==== Records to process

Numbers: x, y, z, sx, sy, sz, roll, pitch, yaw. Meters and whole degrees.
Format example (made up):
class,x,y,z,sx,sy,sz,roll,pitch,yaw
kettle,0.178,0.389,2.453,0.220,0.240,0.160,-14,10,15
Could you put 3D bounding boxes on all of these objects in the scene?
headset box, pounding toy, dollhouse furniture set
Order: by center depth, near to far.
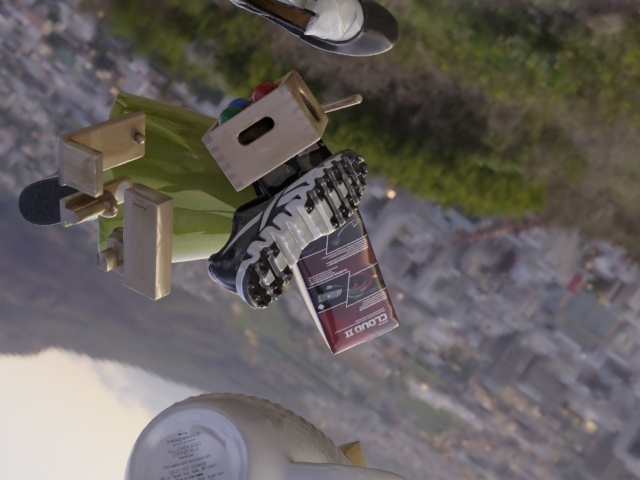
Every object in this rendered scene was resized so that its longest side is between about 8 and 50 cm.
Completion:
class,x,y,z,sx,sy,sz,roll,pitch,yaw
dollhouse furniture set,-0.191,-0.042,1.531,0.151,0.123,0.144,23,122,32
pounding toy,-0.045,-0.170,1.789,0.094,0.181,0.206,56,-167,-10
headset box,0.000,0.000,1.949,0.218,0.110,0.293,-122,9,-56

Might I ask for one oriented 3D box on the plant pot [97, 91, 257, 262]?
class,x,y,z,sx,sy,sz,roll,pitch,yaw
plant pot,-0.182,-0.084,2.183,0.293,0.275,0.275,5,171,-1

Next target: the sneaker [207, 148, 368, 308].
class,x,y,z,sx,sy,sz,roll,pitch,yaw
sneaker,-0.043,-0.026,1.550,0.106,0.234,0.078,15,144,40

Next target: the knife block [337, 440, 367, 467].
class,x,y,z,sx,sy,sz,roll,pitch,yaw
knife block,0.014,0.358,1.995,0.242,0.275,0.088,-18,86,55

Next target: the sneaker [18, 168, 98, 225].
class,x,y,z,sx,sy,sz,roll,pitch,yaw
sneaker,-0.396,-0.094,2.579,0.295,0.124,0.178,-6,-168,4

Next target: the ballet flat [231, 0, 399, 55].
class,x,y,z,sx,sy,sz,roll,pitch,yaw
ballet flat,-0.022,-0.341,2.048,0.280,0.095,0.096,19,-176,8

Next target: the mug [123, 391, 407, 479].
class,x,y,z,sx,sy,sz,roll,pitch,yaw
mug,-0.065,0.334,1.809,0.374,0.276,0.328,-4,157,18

========

→ Task to complete:
Set down the lines of the records above exactly, apart from the pictures.

→ Solution to this problem:
Numbers: x, y, z, sx, sy, sz, roll, pitch, yaw. Meters and whole degrees.
Format example (made up):
class,x,y,z,sx,sy,sz,roll,pitch,yaw
kettle,0.178,0.389,2.453,0.220,0.240,0.160,-14,10,15
Could you put 3D bounding boxes on all of these objects in the scene?
headset box, pounding toy, dollhouse furniture set
Order: by center depth, near to far.
Every object in this rendered scene was resized so that its longest side is between about 8 and 50 cm.
Completion:
class,x,y,z,sx,sy,sz,roll,pitch,yaw
dollhouse furniture set,-0.191,-0.042,1.531,0.151,0.123,0.144,23,122,32
pounding toy,-0.045,-0.170,1.789,0.094,0.181,0.206,56,-167,-10
headset box,0.000,0.000,1.949,0.218,0.110,0.293,-122,9,-56

Might I ask for one oriented 3D box on the plant pot [97, 91, 257, 262]?
class,x,y,z,sx,sy,sz,roll,pitch,yaw
plant pot,-0.182,-0.084,2.183,0.293,0.275,0.275,5,171,-1

Next target: the sneaker [207, 148, 368, 308].
class,x,y,z,sx,sy,sz,roll,pitch,yaw
sneaker,-0.043,-0.026,1.550,0.106,0.234,0.078,15,144,40

Next target: the knife block [337, 440, 367, 467].
class,x,y,z,sx,sy,sz,roll,pitch,yaw
knife block,0.014,0.358,1.995,0.242,0.275,0.088,-18,86,55

Next target: the sneaker [18, 168, 98, 225].
class,x,y,z,sx,sy,sz,roll,pitch,yaw
sneaker,-0.396,-0.094,2.579,0.295,0.124,0.178,-6,-168,4

Next target: the ballet flat [231, 0, 399, 55].
class,x,y,z,sx,sy,sz,roll,pitch,yaw
ballet flat,-0.022,-0.341,2.048,0.280,0.095,0.096,19,-176,8

Next target: the mug [123, 391, 407, 479].
class,x,y,z,sx,sy,sz,roll,pitch,yaw
mug,-0.065,0.334,1.809,0.374,0.276,0.328,-4,157,18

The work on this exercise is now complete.